Идеолог «нового реализма» Валерия Пустовая вообще очень любит всяческие манифесты. Хотя в одной из рецензий она сама же и пишет, что манифесты – вещь поколенческая, то есть, по сути, плод духовной незрелости. Новый реализм уже существует. Осталось придумать ещё новый патриотизм. Что это такое? Да просто отсутствие оного, о чём Пустовая не стесняется говорить: «...Но Глуховский не считает нужным включаться в пространство родины, равно как уделять внимание её конкретике – и это по-своему точно характеризует общественное самосознание в России». Да кто вам, милая девушка, сказал, что общественное самосознание в России – это ощущение себя вне родины? Наоборот: чувство родины как раз и формирует сознание народа, иначе и быть не может. Без чувства родины нет народа.

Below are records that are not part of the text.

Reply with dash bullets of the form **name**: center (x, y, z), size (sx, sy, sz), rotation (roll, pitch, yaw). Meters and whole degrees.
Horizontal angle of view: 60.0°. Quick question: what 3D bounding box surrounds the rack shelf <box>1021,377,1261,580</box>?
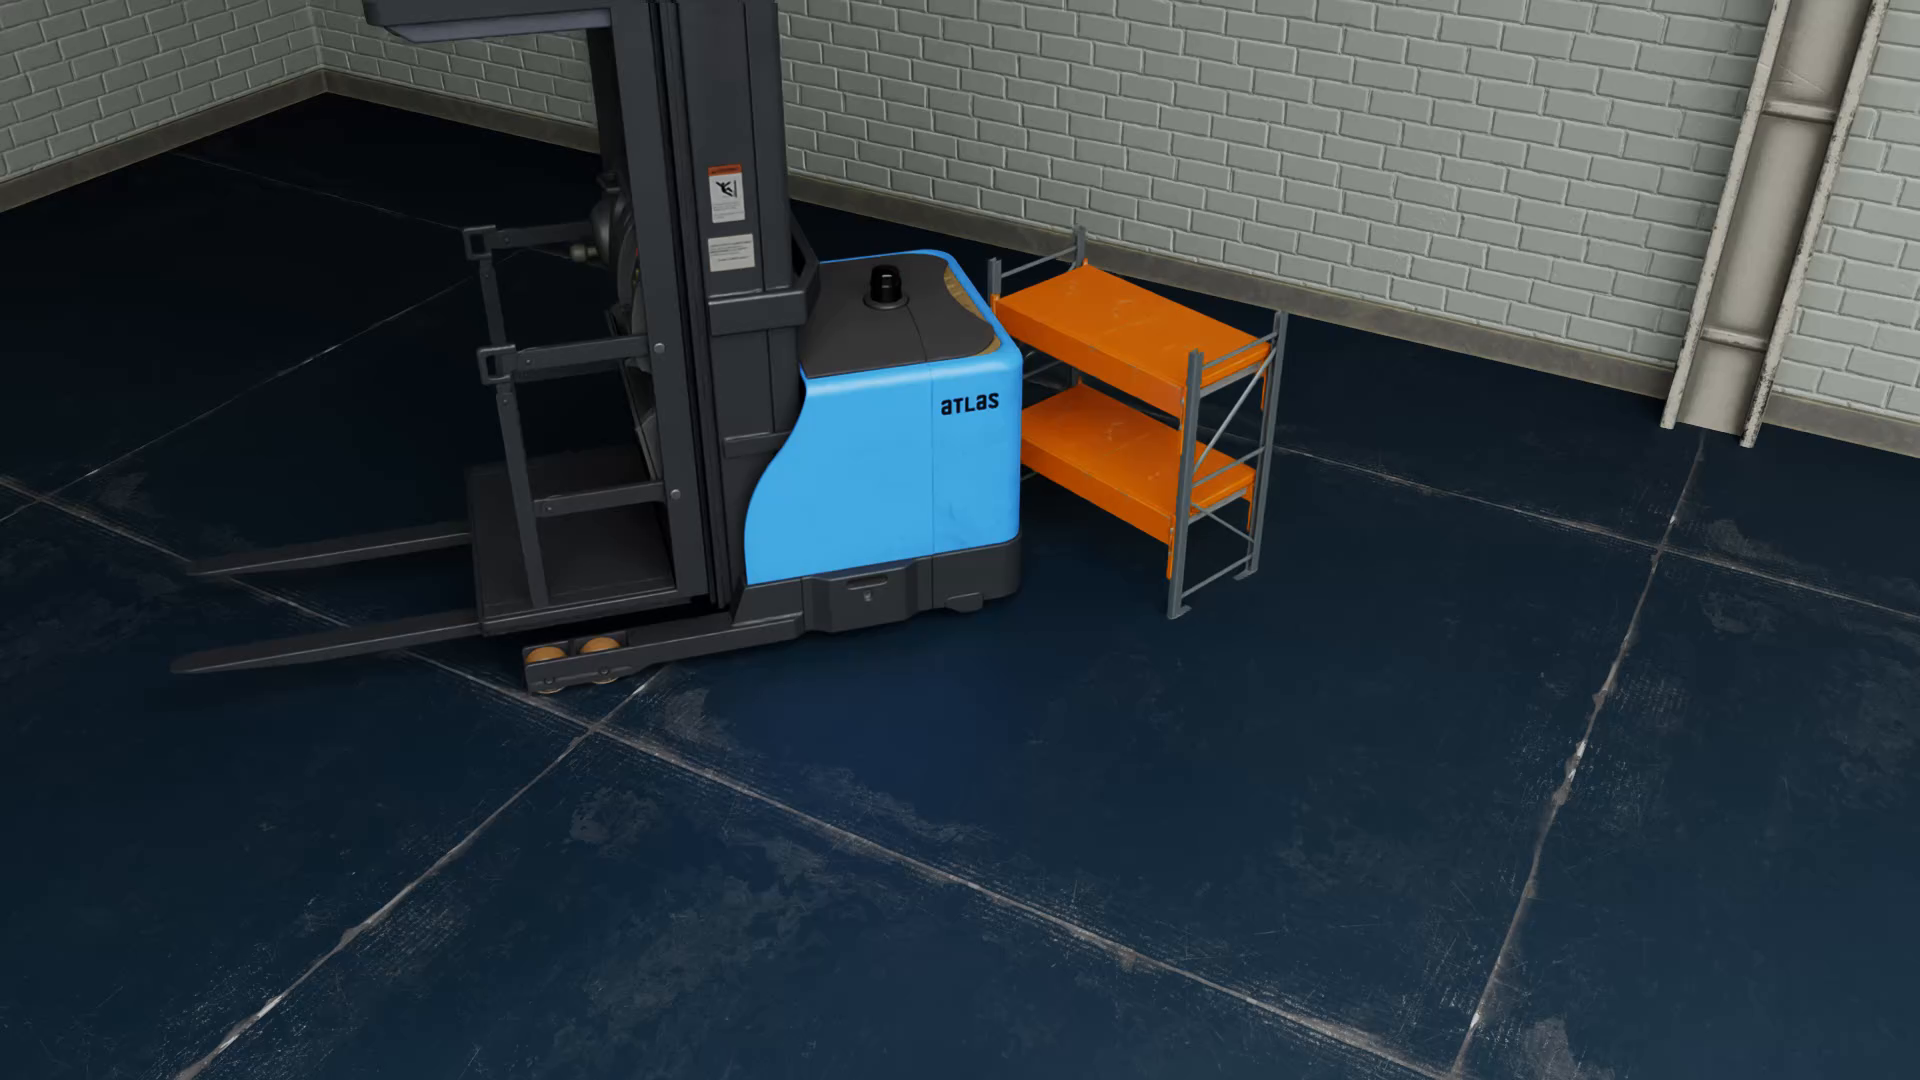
- **rack shelf**: center (0.641, -0.268, 6.578), size (0.538, 0.278, 1.000), rotation (-26, 42, -34)

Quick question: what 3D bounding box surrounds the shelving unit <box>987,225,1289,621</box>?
- **shelving unit**: center (0.641, -0.471, 6.443), size (0.538, 1.125, 1.048), rotation (-26, 42, -34)

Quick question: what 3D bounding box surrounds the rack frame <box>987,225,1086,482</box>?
- **rack frame**: center (0.302, -0.681, 6.758), size (0.500, 1.125, 0.032), rotation (-26, 42, -34)

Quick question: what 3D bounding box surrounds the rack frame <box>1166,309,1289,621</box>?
- **rack frame**: center (0.980, -0.261, 6.127), size (0.500, 1.125, 0.032), rotation (-26, 42, -34)

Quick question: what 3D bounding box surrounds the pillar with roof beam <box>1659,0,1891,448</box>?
- **pillar with roof beam**: center (1.275, -2.208, 1.947), size (0.400, 9.000, 9.100), rotation (18, 37, 24)

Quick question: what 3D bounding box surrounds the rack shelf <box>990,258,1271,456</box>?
- **rack shelf**: center (0.641, -0.715, 6.280), size (0.538, 0.278, 1.000), rotation (-26, 42, -34)

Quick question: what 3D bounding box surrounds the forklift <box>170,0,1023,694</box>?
- **forklift**: center (-1.339, -1.000, 5.607), size (3.031, 2.935, 1.130), rotation (-9, 35, -14)

Прославиться же такой критик может только одним способом – присосавшись как клещ к модным, раскрученным писательским именам. Главное – засветиться самой.
Нельзя сказать, что Валерия Пустовая только и делает, что всех ругает. Хотя ругает, разумеется, с превеликим удовольствием. Отнюдь нет. Пустовая очень благоволит к столь же невнятной «девочке из аула» Алисе Ганиевой и почему-то довольно подробно разбирает творчество интернетных творцов – сантехника Славы Сэ и «угрюмой феи» Марии Кетро. То есть очевидно, что ценностная шкала сбита в принципе: третьесортный беллетрист Дмитрий Глуховский стоит в одном ряду с Сергеем Шаргуновым, а Сергей Минаев ничем не уступает Андрею Рубанову.
Нет в этой книге и речи о классиках. Даже отсылок к ним нет. Фактически от лица старшего поколения выступают Юрий Арабов и Алексей Варламов, что выглядит довольно странно. Взор Пустовой обращён не на наших классиков, скажем, на Распутина и Астафьева или на Гранина, а на творчество Быкова, Маканина, Улицкой, Пелевина, что само по себе симптоматично.
Симптоматично и то, что чаще всего в подтверждение собственных мыслей Валерия Пустовая цитирует Льва Данилкина и Евгению Вежлян... А сама она вместе с Еленой Погорелой и Алисой Ганиевой входят в придуманную ими же группу с милым и глуповатым названием «ПоПуГан». Что ж, достойная компания.
Только почему мы должны ей доверять?